Copy nothing but the lines from the opening of the entries through the line that contains "#14 instant noodle", exactly as written. Drop the pictures.

-- SUPPLIED RECORDS follows --

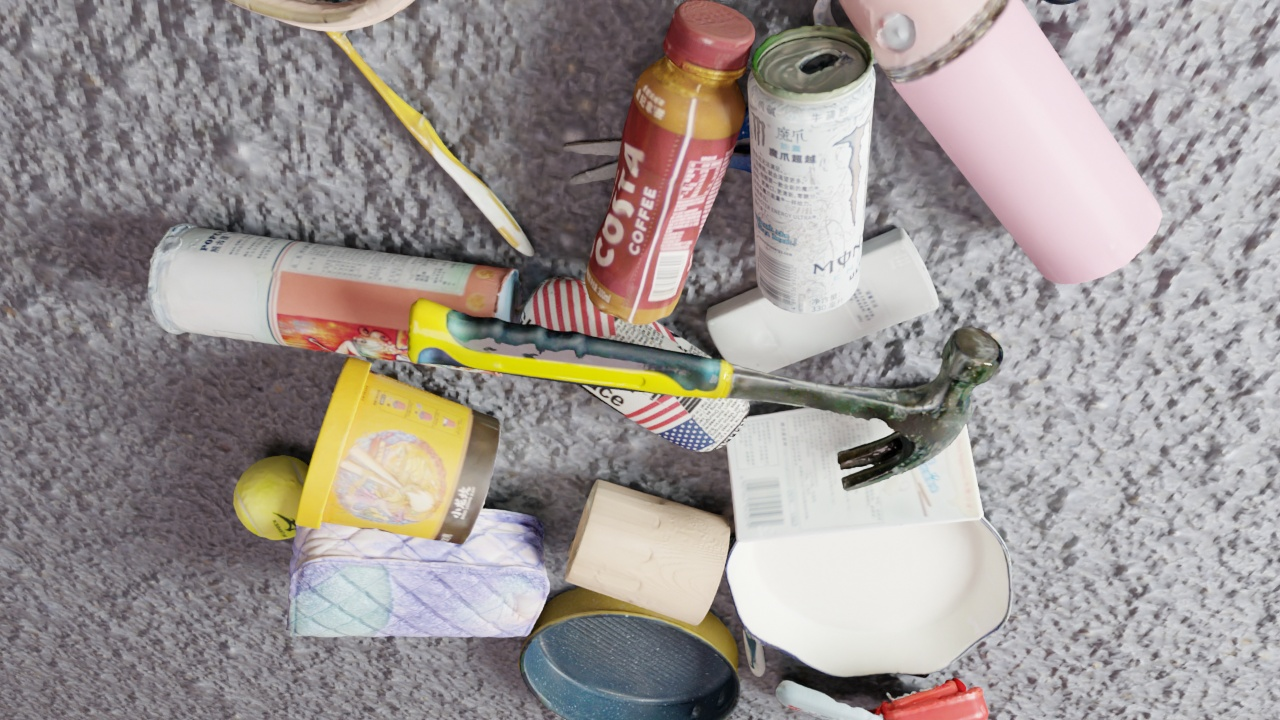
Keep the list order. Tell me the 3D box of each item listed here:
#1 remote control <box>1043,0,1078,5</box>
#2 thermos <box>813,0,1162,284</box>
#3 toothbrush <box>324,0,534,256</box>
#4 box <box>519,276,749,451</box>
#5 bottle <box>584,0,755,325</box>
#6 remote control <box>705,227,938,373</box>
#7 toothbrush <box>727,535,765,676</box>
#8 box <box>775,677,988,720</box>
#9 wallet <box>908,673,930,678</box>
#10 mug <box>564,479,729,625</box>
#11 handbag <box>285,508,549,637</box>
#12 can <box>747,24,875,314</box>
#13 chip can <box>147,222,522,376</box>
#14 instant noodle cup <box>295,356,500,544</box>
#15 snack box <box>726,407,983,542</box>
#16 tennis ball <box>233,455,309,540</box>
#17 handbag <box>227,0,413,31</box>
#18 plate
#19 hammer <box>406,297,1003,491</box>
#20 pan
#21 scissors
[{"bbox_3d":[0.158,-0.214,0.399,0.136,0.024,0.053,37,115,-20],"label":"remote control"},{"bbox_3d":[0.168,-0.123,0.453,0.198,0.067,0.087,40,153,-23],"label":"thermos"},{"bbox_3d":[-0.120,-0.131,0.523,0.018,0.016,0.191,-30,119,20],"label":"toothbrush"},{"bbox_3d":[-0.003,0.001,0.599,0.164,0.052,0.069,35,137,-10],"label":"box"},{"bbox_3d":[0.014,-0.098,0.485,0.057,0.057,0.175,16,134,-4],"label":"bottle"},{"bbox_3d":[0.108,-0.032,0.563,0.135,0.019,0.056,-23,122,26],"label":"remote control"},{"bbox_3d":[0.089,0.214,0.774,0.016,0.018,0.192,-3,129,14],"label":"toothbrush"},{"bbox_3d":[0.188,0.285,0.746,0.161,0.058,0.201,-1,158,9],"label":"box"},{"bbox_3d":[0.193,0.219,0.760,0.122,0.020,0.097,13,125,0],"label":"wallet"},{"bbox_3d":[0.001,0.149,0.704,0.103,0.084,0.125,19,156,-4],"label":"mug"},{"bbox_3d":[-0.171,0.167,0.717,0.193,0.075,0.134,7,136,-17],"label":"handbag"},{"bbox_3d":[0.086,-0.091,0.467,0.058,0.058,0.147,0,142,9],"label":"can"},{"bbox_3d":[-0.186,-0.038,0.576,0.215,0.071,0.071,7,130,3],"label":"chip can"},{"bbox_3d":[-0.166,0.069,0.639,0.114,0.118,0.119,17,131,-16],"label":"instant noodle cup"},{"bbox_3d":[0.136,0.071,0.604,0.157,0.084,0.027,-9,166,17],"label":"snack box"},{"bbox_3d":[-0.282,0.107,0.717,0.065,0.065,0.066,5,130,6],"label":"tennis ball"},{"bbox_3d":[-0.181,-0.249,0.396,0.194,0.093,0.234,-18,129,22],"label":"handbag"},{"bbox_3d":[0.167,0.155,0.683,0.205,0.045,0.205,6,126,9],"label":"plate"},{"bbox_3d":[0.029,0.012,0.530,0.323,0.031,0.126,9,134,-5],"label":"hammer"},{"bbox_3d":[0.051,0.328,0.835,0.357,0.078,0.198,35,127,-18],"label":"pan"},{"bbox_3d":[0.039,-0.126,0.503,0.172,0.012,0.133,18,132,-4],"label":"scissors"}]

-- SUPPLIED RECORDS concluded --

◆ RESULT OF THE EXERCISE
Keep the list order. Tell me the 3D box of each item listed here:
#1 remote control <box>1043,0,1078,5</box>
#2 thermos <box>813,0,1162,284</box>
#3 toothbrush <box>324,0,534,256</box>
#4 box <box>519,276,749,451</box>
#5 bottle <box>584,0,755,325</box>
#6 remote control <box>705,227,938,373</box>
#7 toothbrush <box>727,535,765,676</box>
#8 box <box>775,677,988,720</box>
#9 wallet <box>908,673,930,678</box>
#10 mug <box>564,479,729,625</box>
#11 handbag <box>285,508,549,637</box>
#12 can <box>747,24,875,314</box>
#13 chip can <box>147,222,522,376</box>
#14 instant noodle cup <box>295,356,500,544</box>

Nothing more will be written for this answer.